Path of the file to be read (Do not forget to add the file extension)

separator (str) : default '\t'

Delimiter to use

parse_dates (list) : default False

eg - [‘Date’] -> This column is parsed as a single Date column

encoding (str) : default None

Encoding to use for UTF when reading/writing (eg - 'ISO-8859-1')

header (int) : default 0

Determines what row in the data should be considered for the Heading (Column names)

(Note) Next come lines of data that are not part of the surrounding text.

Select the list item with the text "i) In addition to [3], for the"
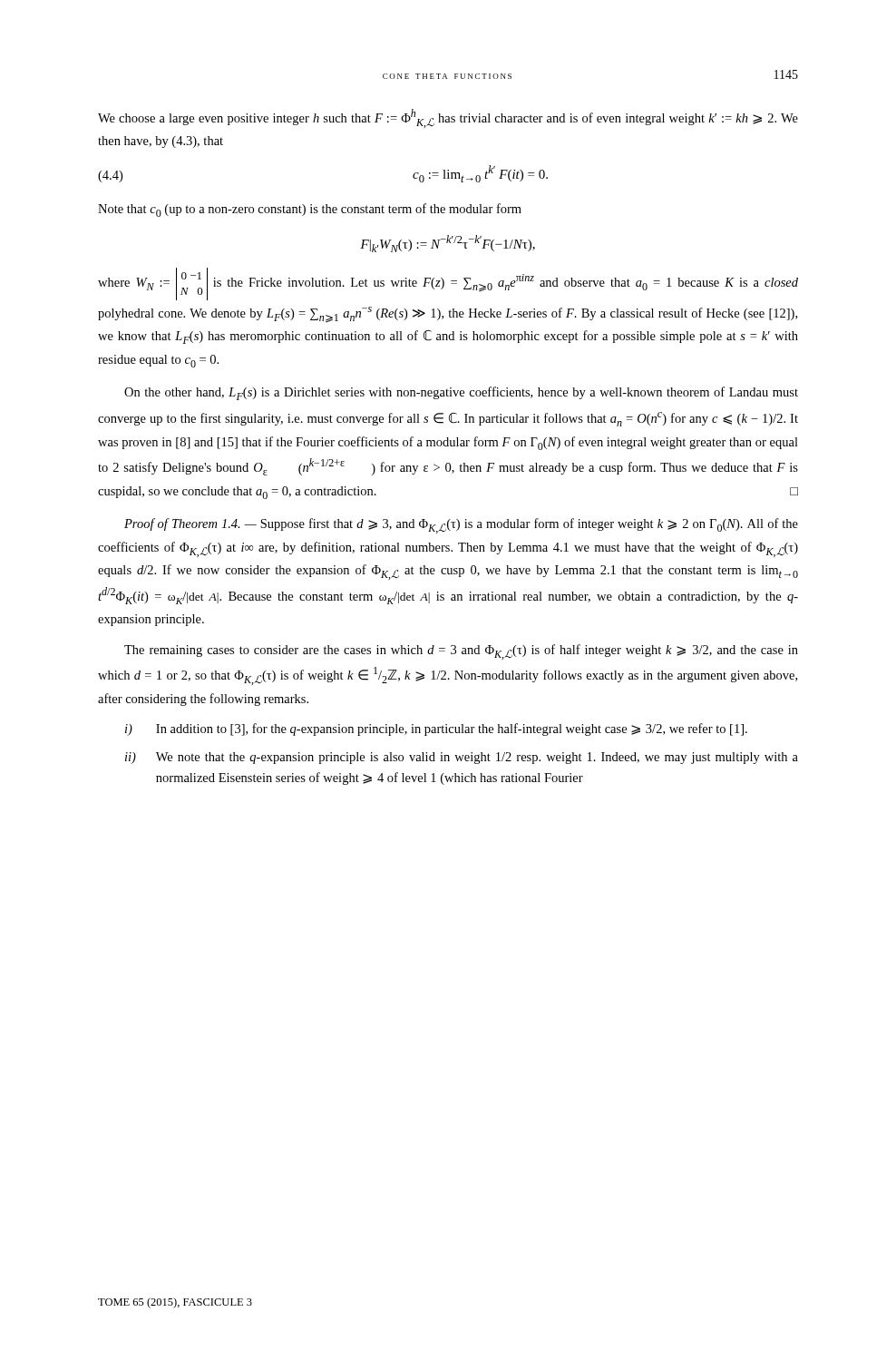This screenshot has height=1361, width=896. [x=436, y=729]
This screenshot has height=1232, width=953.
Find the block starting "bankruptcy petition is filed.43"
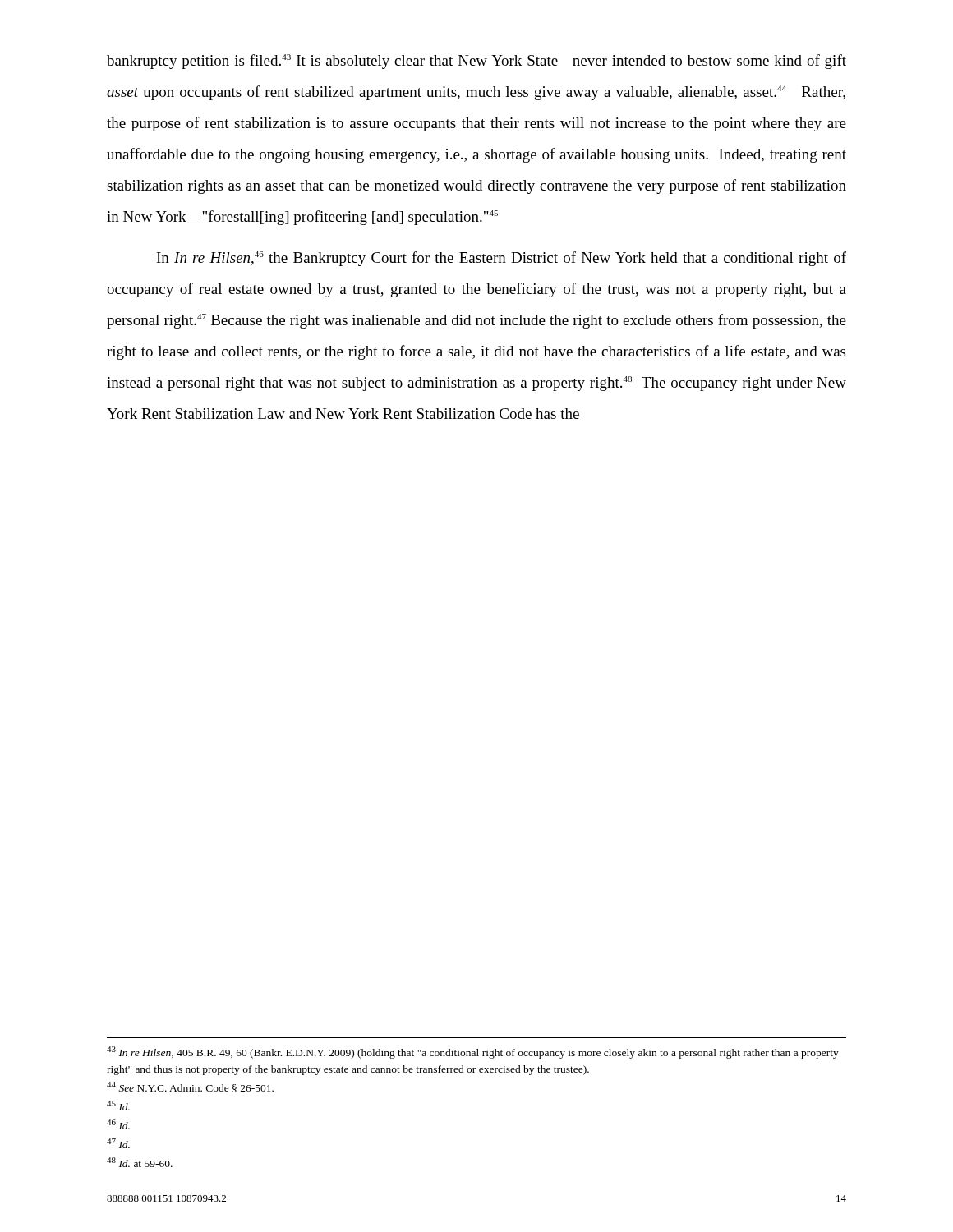point(476,138)
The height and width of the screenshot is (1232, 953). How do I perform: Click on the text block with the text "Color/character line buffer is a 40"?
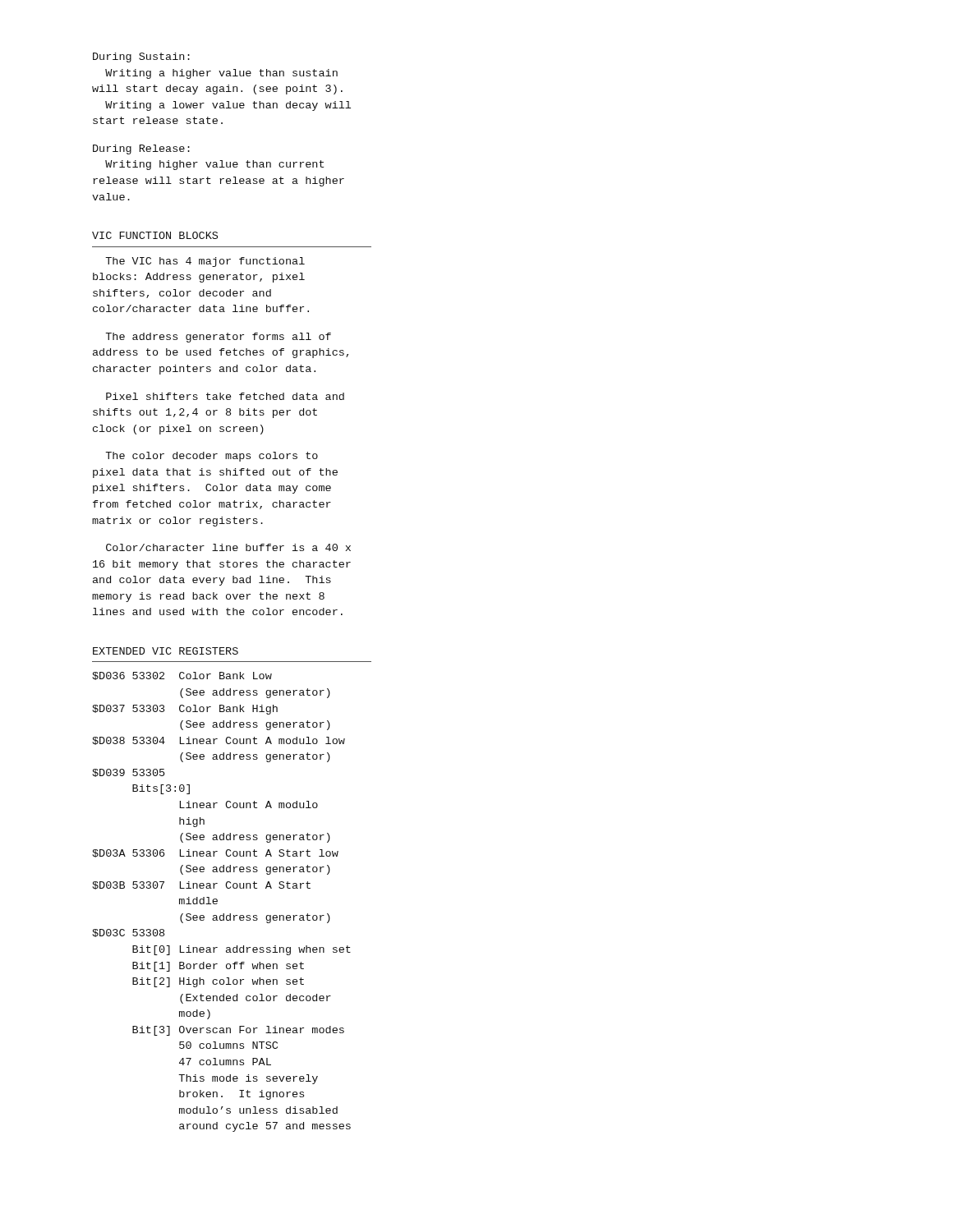(x=322, y=581)

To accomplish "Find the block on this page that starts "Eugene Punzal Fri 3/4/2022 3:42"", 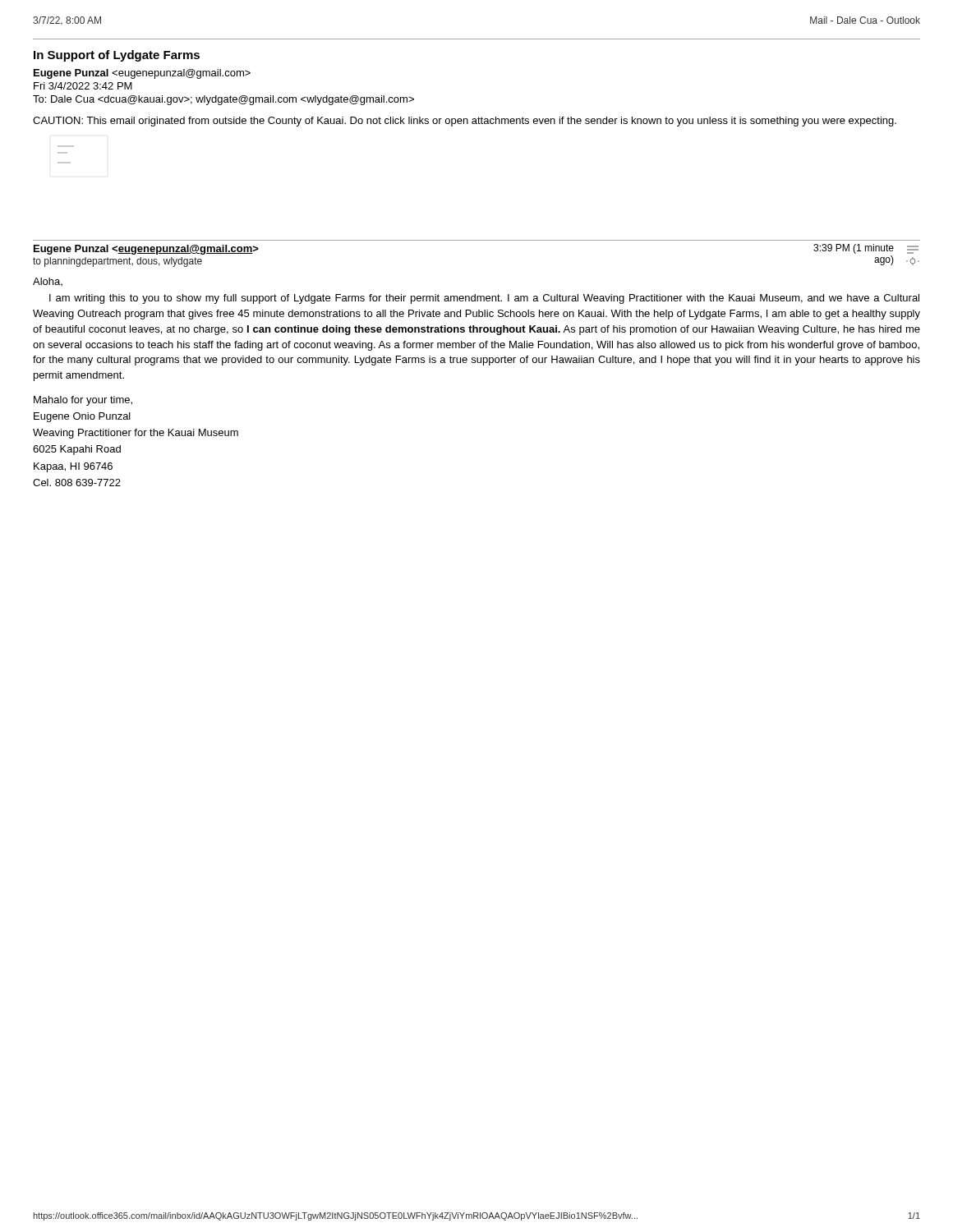I will pos(142,74).

If no headers are needed, pass the value of ‘header’ as ‘None’ (without the quotes)

Returns :

pandas.DataFrame: A pandas DataFrame

fire_query(project_id, fields_required=['DATE', 'Themes', 'Locations', 'Persons', 'Organizations', 'V2Tone'], is_search_criteria=False, get_stats=True, auth_file='', search_dict={}, limit=None, save_data=True)[source]¶

Fire a query on Google’s BigQuery according to your search criteria and get the data in a pandas DataFrame

Parameters :

project_id (str) : (required)

The ID of the project created on Google BigQuery, with which the query is to be executed

fields_required (list) : default ['DATE', 'Themes', 'Locations', 'Persons', 'Organizations', 'V2Tone']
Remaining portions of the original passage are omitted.